Unterschied Gleichstrom vs. Wechselstrom

Man spricht von einem Stromfluss, wenn elektrische Ladungsträger sich durch ein elektrisch leitfähiges Medium bewegen, getrieben durch eine sogenannte elektrische Spannung. Dabei fließen sie nach der Definition der technischen Stromrichtung vom Pluspol einer Spannungsquelle zum Minuspol. Wenn sich die Flussrichtung der elektrischen Teilchen über die Zeit nicht verändert, dann spricht man von Gleichstrom (englisch: Direct Current = DC). Bekannte Beispiele sind Batterien, Photovoltaik-Anlagen oder andere Stromquellen, die jeweils einen festen Minus- und Pluspol haben. Obwohl sich Gleichstrom auch für höhere Leistungen und die Übertragung über lange Strecken eignet, wird er heutzutage meistens im Schwachstrombereich in kleinen Geräten eingesetzt. Bei Wechselstrom (englisch: Alternating Current = AC) hingegen ändert sich die Polung der Spannungsquelle und damit die Richtung des Stromflusses in einem festen Zeittakt. Übliche Wechselstromquellen sind zum Beispiel Generatoren in Kraftwerken und Windrädern. Durch deren Drehzahl wird indirekt die Frequenz der Richtungsänderung des Stromflusses bestimmt (50Hz). Die Bauart der Generatoren bewirkt dabei die Verteilung der erzeugten elektrischen Energie auf drei Phasen. Drei-Phasen-Wechselstrom wird vor allem für die flächige Stromversorgung eingesetzt, weil man die Höchstspannungen aus dem Fernübertragungsnetz (bis 220kV / 380kV) mittels verlustarmen Transformatoren auf die geringeren Verbrauchsspannungen unserer Hausversorgung umspannen kann (Niederspannung: 220V / 380V).

Gleichstrom und Wechselstrom im Batterie-elektrischen Auto

Beide Formen der Stromversorgung haben offenbar ihre Berechtigung. Und obwohl die Umwandlung von Gleichstrom zu Wechselstrom (und umgekehrt) aufwändig ist, werden sie beide für den Betrieb eines Elektrofahrzeugs benötigt.

  • Das Stromnetz, welches die Energie zum Laden des Fahrzeugs anliefert, versorgt die Ladesäule mit Drei-Phasen-Wechselstrom (400V bis 1000V).
  • Der Akku im E-Mobil besteht aus einer Zusammenschaltung von einzelnen Lithiumionen-Zellen, die wie jede Batterie eine Gleichstromquelle darstellen. Jede Lithiumionen-Zelle liefert dabei eine Spannung von i.d.R. 4V je nach Füllstand. Durch die Reihenschaltung der Zellen ergeben sich je nach Fahrzeugtyp eine Gesamtspannung des Akkus von 400V oder 800V Gleichspannung.
  • Der Antriebsmotor wiederum benötigt wieder Drei-Phasen-Wechselstrom. Wechselstrommotoren können besonders effizient und verschleißarm betrieben werden und entwickeln trotz kleinem Bauraum einen großen Drehmoment und den berühmten Punch beim Anfahren, für den Elektroautos so bekannt sind.

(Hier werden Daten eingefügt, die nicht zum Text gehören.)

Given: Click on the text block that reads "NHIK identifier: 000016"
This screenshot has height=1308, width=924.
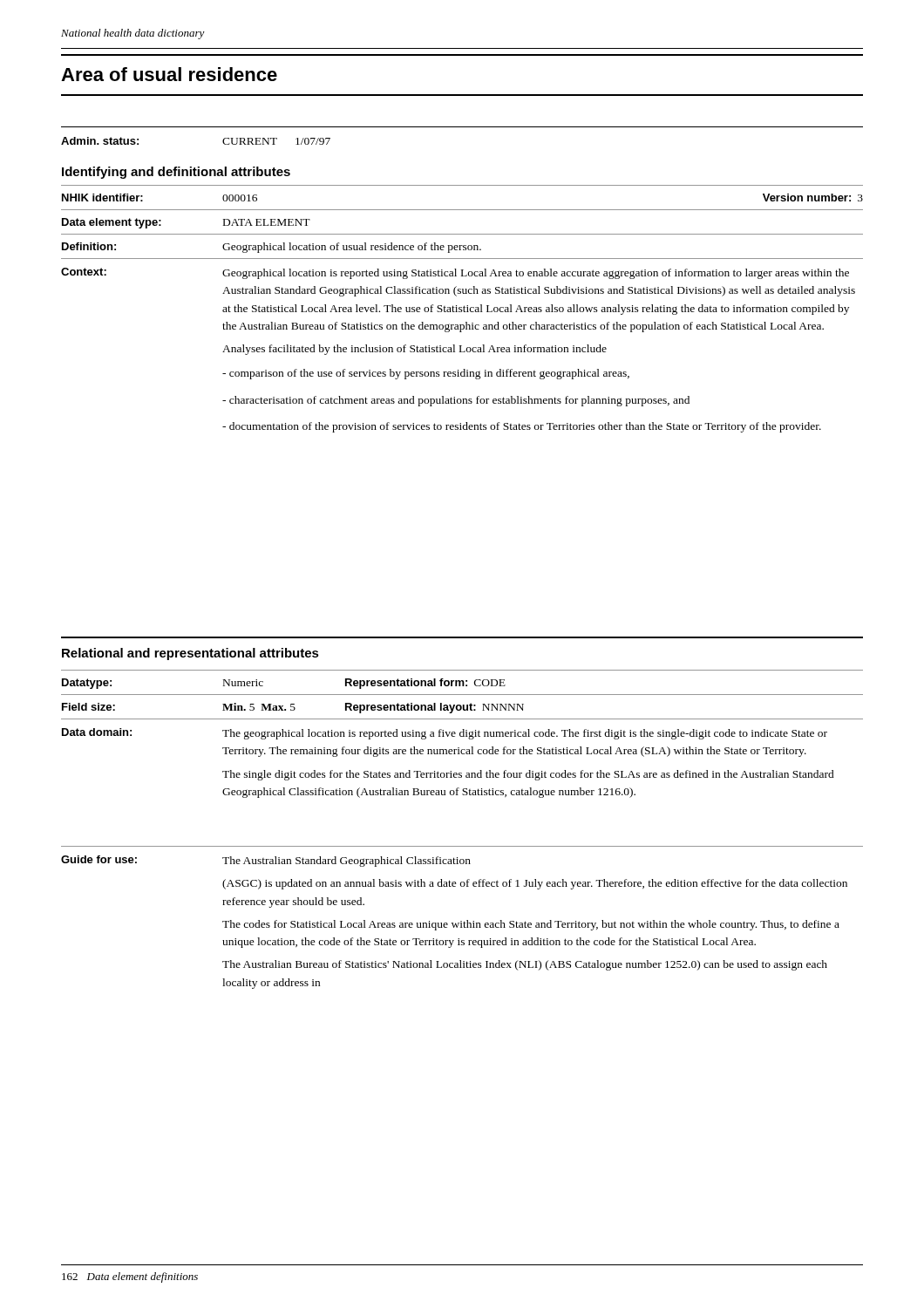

Um zu verstehen, wie und wann die Stromformen beim Auto zum Einsatz kommen, werden die wesentlichen Anwendungsfälle beschrieben: Das Laden und das Fahren.

Von der Säule zum Auto: Was passiert beim Laden?

Damit beim Laden der Drei-Phasen-Wechselstrom aus dem Versorgungsnetz vom Gleichstromakku des Fahrzeugs aufgenommen werden kann, muss er in Gleichstrom umgewandelt werden. das erfordert einen sogenannten Gleichrichter. Und je nach dem wo dieser Gleichrichter verbaut ist, unterscheidet man zwei Arten des Ladens: Wechselstrom-Laden und Gleichstrom-Laden.

Beim Wechselstromladen (AC) kommt eine einfache Ladesäule, ein Wand-Ladegerät (Wall Charger) oder ein mobiles Ladegerät (Mobile Charger, Juice Booster) zum Einsatz, welches den Wechselstrom aus dem Netz unverändert an das Auto weitergibt. Die Ladeleistung ist i.d.R. auf 11kW bzw. 22kW beschränkt. Die einzige Aufgabe der Ladestation ist die Sicherstellung vorgeschriebener Schutzfunktionen und ggf. die Lastverteilung beim Einsatz mehrerer Geräte an einem Anschluss. Der eigentliche Gleichrichter sitzt aber im Fahrzeug und ist in seiner Leistung begrenzt, um Raum, Gewicht und Kosten zu sparen. Der Wandler in den Tesla Model 3/Y kann z.B. eine Ladeleistung von 3,7kW (Schuko-Steckdose) bis 11KW (dreiphasen-Wechselstrom) in Gleichstrom umwandeln, die Model S/X bis zu 16,6kW bzw. ältere Modelle bis 22kW. Man nutzt das akkuschonende AC-Laden im Alltagsbetrieb und zuhause. Öffentliche AC-Ladesäulen benötigen oft ein mitgebrachtes AC-Ladekabel mit Stecker Typ 2.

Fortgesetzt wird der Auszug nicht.